In March 2019 Kaleido was proud to become the only enterprise SaaS blockchain service spanning Azure and AWS with a truly seamless, native experience. Kaleido’s borderless blockchain capability offers a single API, security, operation and tenancy model which makes for a dramatically simple, reliable, and cost-effective solution. This was the cumulation of a huge engineering project in the team re-architecting our networking platform and Kubernetes infrastructure for federated, firewall isolated, per-environment multi-cloud networks.
Last week we announced two new offerings that build upon these infrastructure and platform engineering advances:
Spinning up a blockchain network in minutes across multiple clouds is great... but alone it is not nearly enough to give your projects the acceleration you need. While blockchain is the beating heart of a decentralized solution, you have unanimously told us it is only 5-10% of the development needed to deliver your overall solution.
So since the middle of last year we have been filling in the core capabilities that need to be in place to support innovative use cases, and accelerate your projects.
We started back in the middle of last year close to the chain, by delivering the first Kaleido service (ethconnect) - a solution for streaming transactions reliably into the network. The throttling, ordering and nonce-management needed to operate a production blockchain network in production, all backed by the best-of-breed Apache Kafka messaging backbone.
Then we expanded out from the chain to other decentralized solutions and 3rd party services from industry-leading partners such as OpenLaw, Chainlink and Clause, - launching our Marketplace back in November. We've been adding Kaleido Services continuously such as an IPFS decentralized filesystem, a Hierarchical Deterministic (HD) Wallet, and the second generation of our Public Ethereum Tether. We also delivered native AWS/Azure Cloud integrations for Key Protection, Backup, Log streaming, and Private Networking.
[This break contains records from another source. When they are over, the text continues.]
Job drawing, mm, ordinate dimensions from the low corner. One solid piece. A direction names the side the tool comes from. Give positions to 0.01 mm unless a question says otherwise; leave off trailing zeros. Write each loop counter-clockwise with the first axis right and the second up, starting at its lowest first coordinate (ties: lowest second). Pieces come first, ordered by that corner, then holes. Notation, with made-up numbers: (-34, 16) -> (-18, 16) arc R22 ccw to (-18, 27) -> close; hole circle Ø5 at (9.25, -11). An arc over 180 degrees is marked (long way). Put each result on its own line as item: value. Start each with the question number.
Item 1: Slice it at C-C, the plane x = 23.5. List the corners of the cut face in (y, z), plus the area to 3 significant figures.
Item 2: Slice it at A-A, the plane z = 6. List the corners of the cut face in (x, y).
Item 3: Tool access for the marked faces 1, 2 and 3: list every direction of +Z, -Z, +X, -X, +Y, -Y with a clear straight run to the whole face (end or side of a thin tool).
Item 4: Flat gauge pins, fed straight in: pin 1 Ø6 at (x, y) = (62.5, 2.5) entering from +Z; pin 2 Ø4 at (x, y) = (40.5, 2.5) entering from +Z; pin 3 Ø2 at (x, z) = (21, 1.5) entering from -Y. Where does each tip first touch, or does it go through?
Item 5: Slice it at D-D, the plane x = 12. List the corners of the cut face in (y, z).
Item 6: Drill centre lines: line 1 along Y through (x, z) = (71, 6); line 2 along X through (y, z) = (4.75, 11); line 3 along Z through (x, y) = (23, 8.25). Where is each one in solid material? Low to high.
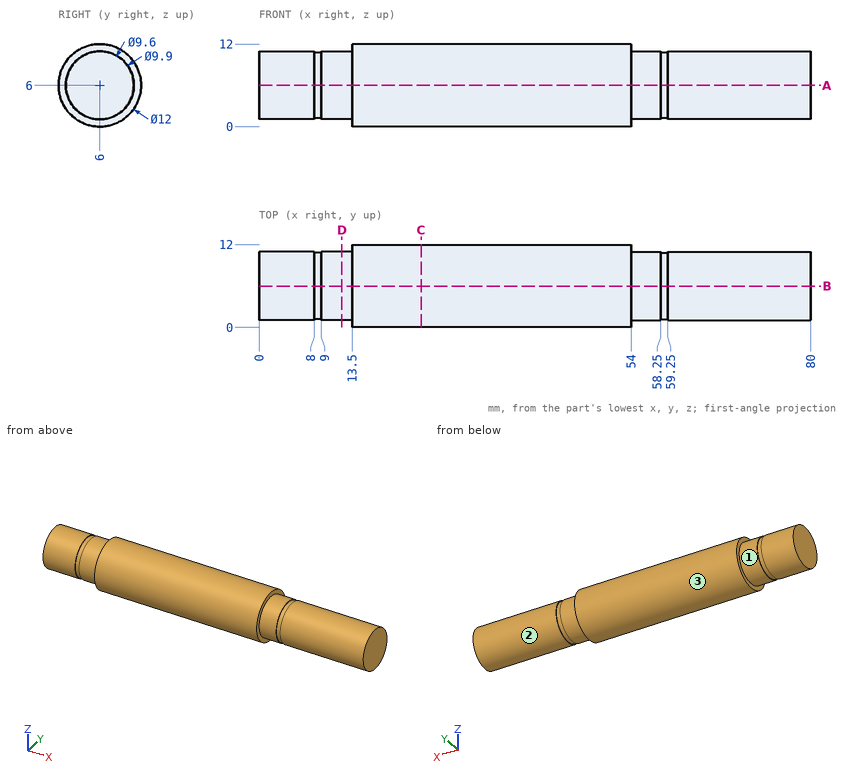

With the new services delivered last week, we believe we've reached the tipping point where the majority of enterprise projects can build apps on Kaleido without needing custom plumbing infrastructure. In short...
Let's run through the layers and take a look at the range of technologies a modern business network needs to build transformational projects with blockchain at their core.
We'll start where you live as developers, in the Decentralized Application (DApp), and then move down the stack all the way to the data layer.
Programming a DApp is fundamentally different to programming a traditional centralized database application. The core constructs are different. SQL Rows / NoSQL Documents and Stored Procedures... these are replaced by constructs like Tokens and Smart Contracts. The low level interfaces you come across are alien to traditional development, like JSON/RPC with RLP (Recursive Length Prefix) encoded payloads, abstracted by thick client libraries like Web3/Nethereum. Then throw in some advanced cryptography, and you could be sent spinning.
... but not to fear. Application development can be streamlined with the right building blocks, and in Kaleido we've been working to give you all the tools you need to do productive enterprise application development in this new world.
Tokens are a core concept in the vast majority of Blockchain projects, and the awesome thing about the Ethereum ecosystem is they are a *hardened and native construct.
This is why I'm personally so excited by the suite of tokenization features we released last week.
Key Management is probably the hottest topic in any Enterprise business network, and rightly so. After all the key you use to submit transactions represents your identity, it is intended to be irrefutable proof that the transaction came from you.
In Kaleido, we have continually focused on allowing you to manage and own your own keys off-platform. This has always been possible when submitting transactions, by signing them externally in the application before sending. However, the complexity added to an application by that approach is not always justified. So we've done the work to link our new managed Wallet to keys that never leave your HSM. So you get the best of both worlds. Azure Key Vault is the first HSM we are enabling, with AWS CloudHSM coming soon.
In some use cases, it’s more appropriate to hide the identity of the transaction submitter, or at least make it impossible for other members to analyze your trading patterns. A popular technique is using one-time signing keys derived from a master secret. Hierarchical Deterministic Wallets are specifically designed for this purpose. Kaleido supports the HD Wallet as a service so you can easily use REST API calls to sign your transactions with any of the millions of derived keys available in the wallet using a simple index. And each of your transactions would appear to be from a completely separate account.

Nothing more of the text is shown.